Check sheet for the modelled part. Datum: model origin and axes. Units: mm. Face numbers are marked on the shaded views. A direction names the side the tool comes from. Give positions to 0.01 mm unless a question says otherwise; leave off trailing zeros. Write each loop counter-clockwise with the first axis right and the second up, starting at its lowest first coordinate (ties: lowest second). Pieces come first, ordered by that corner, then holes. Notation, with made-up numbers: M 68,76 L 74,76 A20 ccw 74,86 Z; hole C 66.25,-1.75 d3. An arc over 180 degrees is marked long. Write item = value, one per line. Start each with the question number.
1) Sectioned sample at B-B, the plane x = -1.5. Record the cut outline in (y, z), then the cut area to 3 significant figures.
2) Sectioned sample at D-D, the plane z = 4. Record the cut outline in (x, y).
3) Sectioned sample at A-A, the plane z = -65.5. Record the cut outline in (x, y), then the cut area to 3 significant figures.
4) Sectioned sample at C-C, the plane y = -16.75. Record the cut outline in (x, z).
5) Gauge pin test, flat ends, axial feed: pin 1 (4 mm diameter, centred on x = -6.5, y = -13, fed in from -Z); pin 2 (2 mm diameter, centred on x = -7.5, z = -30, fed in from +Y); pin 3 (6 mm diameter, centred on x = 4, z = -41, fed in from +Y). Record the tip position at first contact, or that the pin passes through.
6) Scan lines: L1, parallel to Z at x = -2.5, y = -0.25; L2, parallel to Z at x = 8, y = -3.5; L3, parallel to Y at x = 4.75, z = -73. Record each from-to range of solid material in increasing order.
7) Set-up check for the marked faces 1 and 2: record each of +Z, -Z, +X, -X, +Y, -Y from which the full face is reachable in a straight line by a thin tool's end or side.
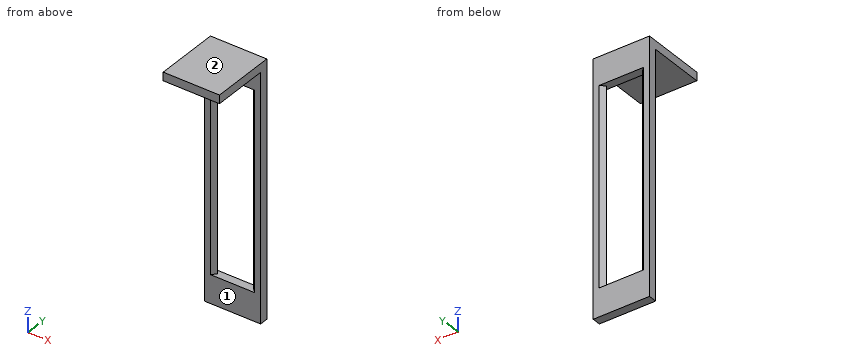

> _ASSIGNED TASK_: All of the data above needs to be given again exactly. Leave out each image.

> _EXERCISE RESULT_:
Check sheet for the modelled part. Datum: model origin and axes. Units: mm. Face numbers are marked on the shaded views. A direction names the side the tool comes from. Give positions to 0.01 mm unless a question says otherwise; leave off trailing zeros. Write each loop counter-clockwise with the first axis right and the second up, starting at its lowest first coordinate (ties: lowest second). Pieces come first, ordered by that corner, then holes. Notation, with made-up numbers: M 68,76 L 74,76 A20 ccw 74,86 Z; hole C 66.25,-1.75 d3. An arc over 180 degrees is marked long. Write item = value, one per line. Start each with the question number.
1) Sectioned sample at B-B, the plane x = -1.5. Record the cut outline in (y, z), then the cut area to 3 significant figures.
2) Sectioned sample at D-D, the plane z = 4. Record the cut outline in (x, y).
3) Sectioned sample at A-A, the plane z = -65.5. Record the cut outline in (x, y), then the cut area to 3 significant figures.
4) Sectioned sample at C-C, the plane y = -16.75. Record the cut outline in (x, z).
5) Gauge pin test, flat ends, axial feed: pin 1 (4 mm diameter, centred on x = -6.5, y = -13, fed in from -Z); pin 2 (2 mm diameter, centred on x = -7.5, z = -30, fed in from +Y); pin 3 (6 mm diameter, centred on x = 4, z = -41, fed in from +Y). Record the tip position at first contact, or that the pin passes through.
6) Scan lines: L1, parallel to Z at x = -2.5, y = -0.25; L2, parallel to Z at x = 8, y = -3.5; L3, parallel to Y at x = 4.75, z = -73. Record each from-to range of solid material in increasing order.
7) Set-up check for the marked faces 1 and 2: record each of +Z, -Z, +X, -X, +Y, -Y from which the full face is reachable in a straight line by a thin tool's end or side.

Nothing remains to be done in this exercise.